··· EXTRACTED MATERIAL ···

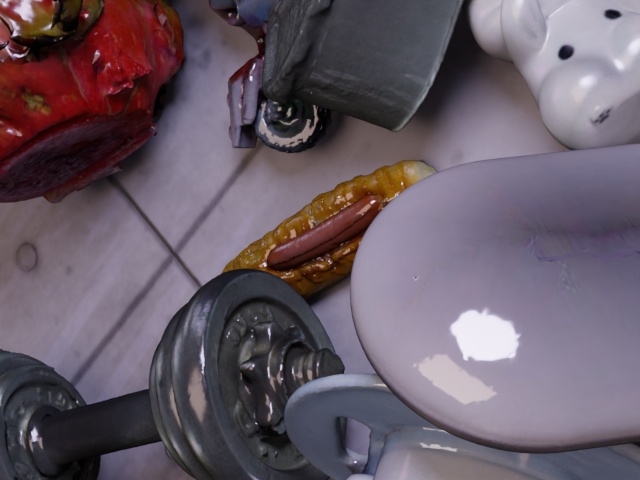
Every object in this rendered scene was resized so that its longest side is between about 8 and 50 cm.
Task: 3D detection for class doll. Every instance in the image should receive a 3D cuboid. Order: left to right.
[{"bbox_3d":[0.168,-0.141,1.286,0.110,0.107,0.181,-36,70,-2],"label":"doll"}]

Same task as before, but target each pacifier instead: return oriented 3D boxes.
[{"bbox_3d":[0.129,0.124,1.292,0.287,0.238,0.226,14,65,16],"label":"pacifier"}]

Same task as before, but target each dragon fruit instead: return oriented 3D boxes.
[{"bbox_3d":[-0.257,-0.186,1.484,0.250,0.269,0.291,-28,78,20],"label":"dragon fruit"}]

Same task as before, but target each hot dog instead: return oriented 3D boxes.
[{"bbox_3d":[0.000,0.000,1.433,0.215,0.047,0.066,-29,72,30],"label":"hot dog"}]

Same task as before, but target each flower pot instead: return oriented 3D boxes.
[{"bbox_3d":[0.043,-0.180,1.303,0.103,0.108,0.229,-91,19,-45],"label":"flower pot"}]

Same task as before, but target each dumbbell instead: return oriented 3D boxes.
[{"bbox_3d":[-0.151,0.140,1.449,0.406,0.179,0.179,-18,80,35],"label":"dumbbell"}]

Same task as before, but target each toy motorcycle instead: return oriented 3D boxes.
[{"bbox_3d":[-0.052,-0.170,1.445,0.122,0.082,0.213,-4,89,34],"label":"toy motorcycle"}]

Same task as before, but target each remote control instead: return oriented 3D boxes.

···

> **AIM OF THE TASK**
Your answer should be the lines from the one containing "Same task as before, but target each dumbbell" to the end of the entries above, restated exactly and alone.

> **ANSWER SECTION**
Same task as before, but target each dumbbell instead: return oriented 3D boxes.
[{"bbox_3d":[-0.151,0.140,1.449,0.406,0.179,0.179,-18,80,35],"label":"dumbbell"}]

Same task as before, but target each toy motorcycle instead: return oriented 3D boxes.
[{"bbox_3d":[-0.052,-0.170,1.445,0.122,0.082,0.213,-4,89,34],"label":"toy motorcycle"}]

Same task as before, but target each remote control instead: return oriented 3D boxes.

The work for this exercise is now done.